From my experience, getting the average execution time per render from say 0.1ms to 0.01ms, and especially reducing allocations and GC pressure has a big effect on 99% percentiles, and consequently on the cost of compute.

Saying because we use Ruby we don't care if it's slow or not is in a way dismissing it as a viable platform for writing reliable software (because performance is part of reliability).

To me, you can use Ruby to create systems that have very good performance characteristics, and still benefit from developer happiness. The two are not contradictory.

makeitdouble

> Taking your argument to its logical conclusion we can say that it doesn't matter if your Ruby code is slower or faster because it's Ruby, we know it's "slow-as-molasses", we only care about developer happiness, and anyways we're I/O-bound, so it doesn't really matter how our code performs...

Not OP, but to a point I think this is pretty much true...

We currently have decent performance so it works out well for most use cases, but if Ruby were to be slower, we could probably cover that issue with infra, caching or other means. As we already do in many cases.

It would be a pain point, but in comparison increasing developer happiness or the whole product dev experience is IMHO a lot harder. Perfs would need to be abysmally bad to change that balance.

barrkel

Ruby is slow, but it is however faster than Python last I checked, with like for like code.

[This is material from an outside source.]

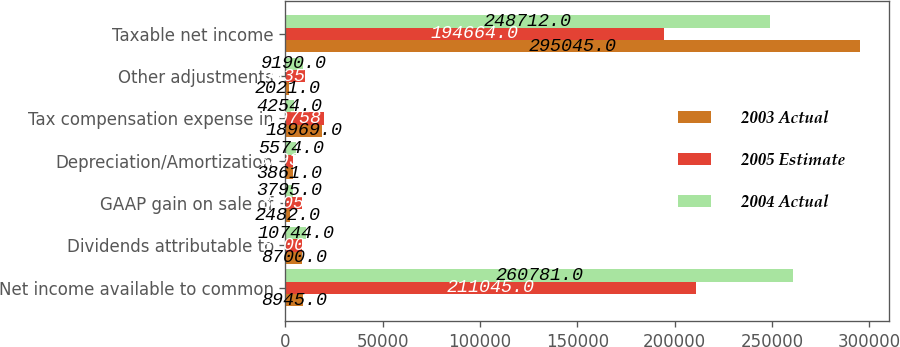Convert chart to OTSL. <chart><loc_0><loc_0><loc_500><loc_500><stacked_bar_chart><ecel><fcel>Net income available to common<fcel>Dividends attributable to<fcel>GAAP gain on sale of<fcel>Depreciation/Amortization<fcel>Tax compensation expense in<fcel>Other adjustments<fcel>Taxable net income<nl><fcel>2003 Actual<fcel>8945<fcel>8700<fcel>2482<fcel>3861<fcel>18969<fcel>2021<fcel>295045<nl><fcel>2005 Estimate<fcel>211045<fcel>8700<fcel>8305<fcel>3793<fcel>19758<fcel>9835<fcel>194664<nl><fcel>2004 Actual<fcel>260781<fcel>10744<fcel>3795<fcel>5574<fcel>4254<fcel>9190<fcel>248712<nl></chart> 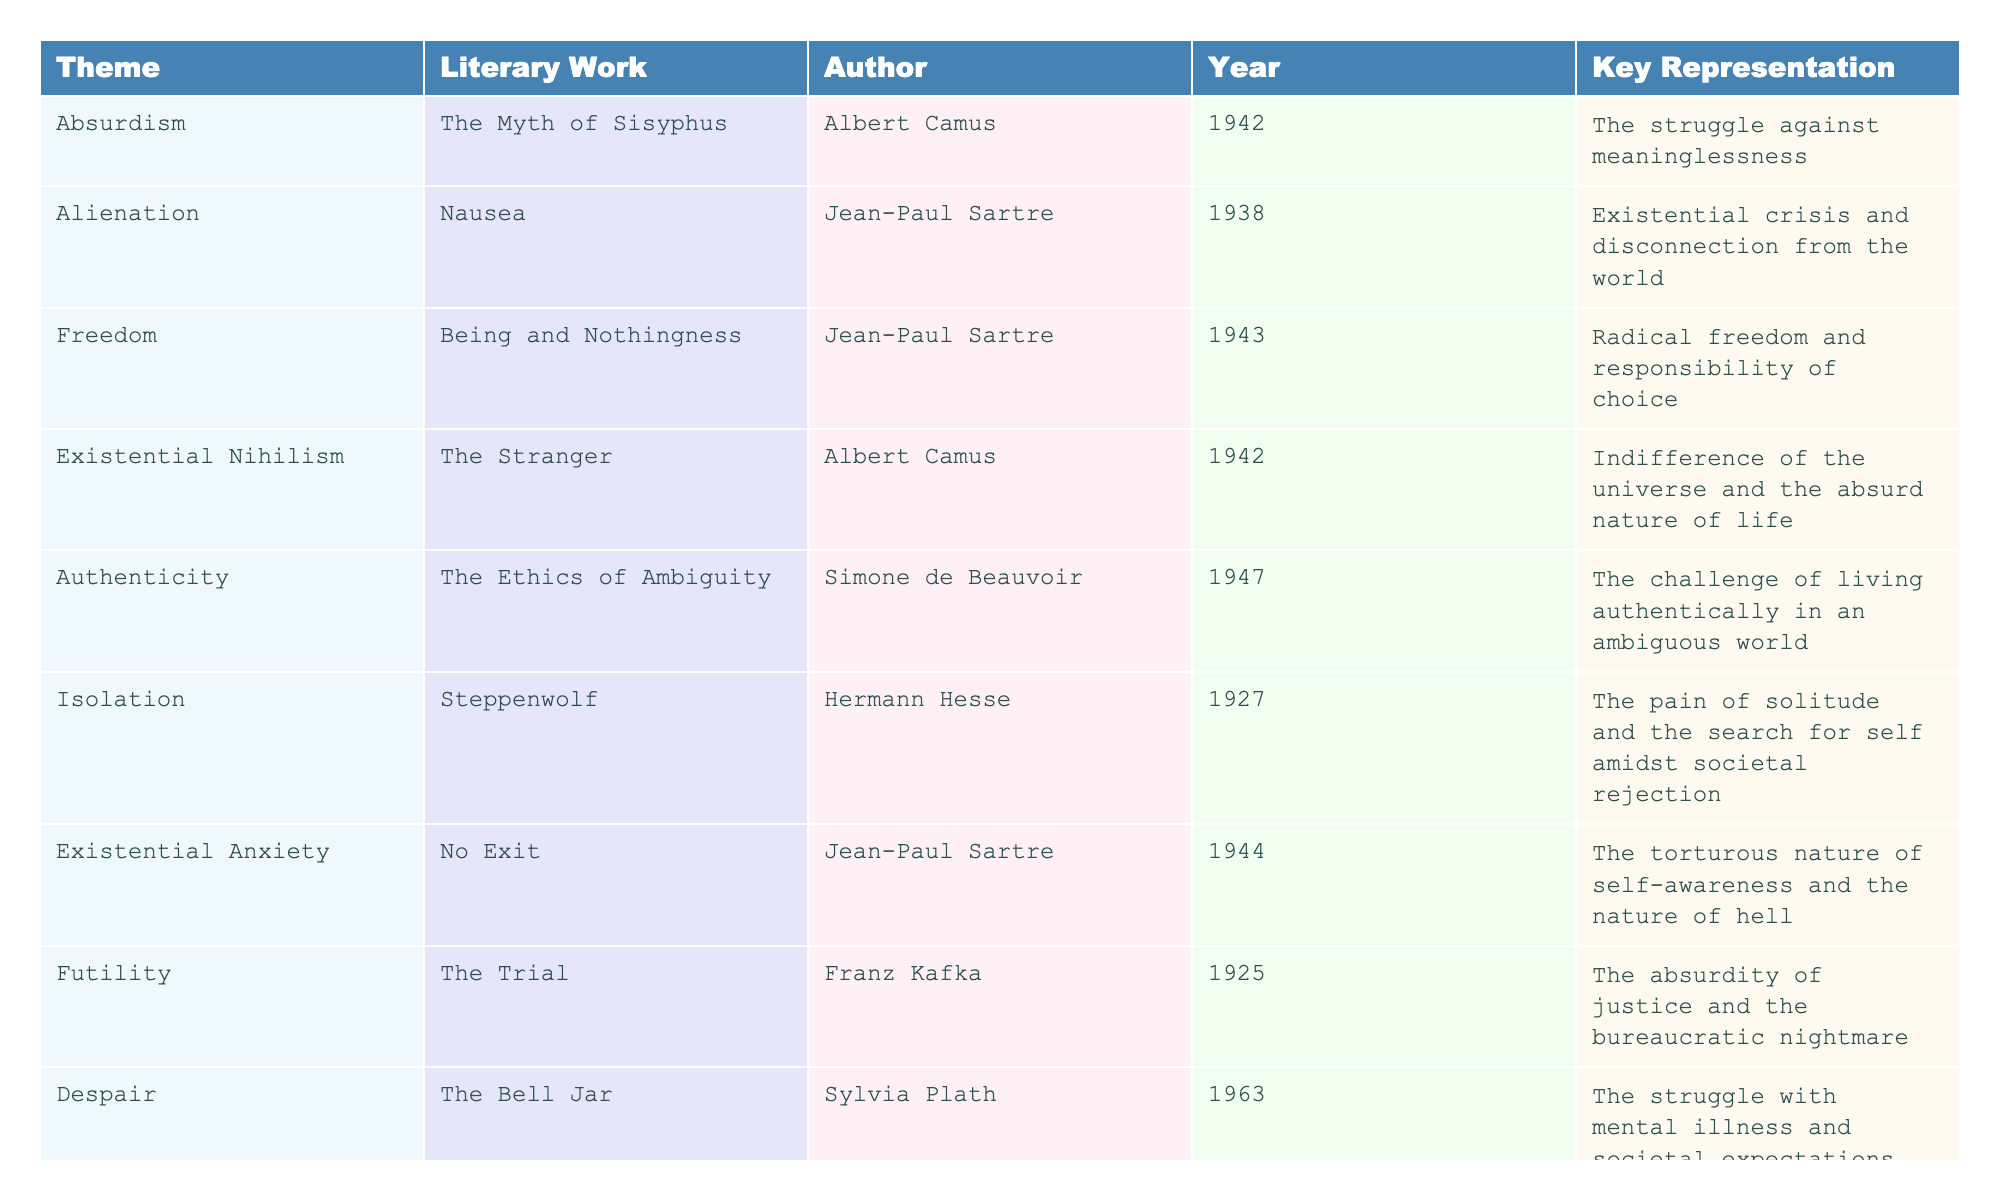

Python gives you other interesting ways of going fast (a lot of high performance plugins for numerics, Cython, and so on), while Ruby is a higher level more expressive language IMO, so you have more ways to shoot yourself in the foot more powerfully.

Asmod4n

Depends how you use it, just last week I’ve hit 40 nanoseconds unpacking a 8 megabyte msgpack array and accessing one of its values in a hash.

As long as you only use ruby as glue code for c(++) extensions it’s pretty fast.

norman784

AFAIK with the latest JIT in some contexts pure Ruby can be faster than using C libraries, just because the VM can be better optimized and there is no overhead in moving data between the two realms.

I don't recall exactly where I read it, but I think was a while ago when they announced one of the newest JIT engines.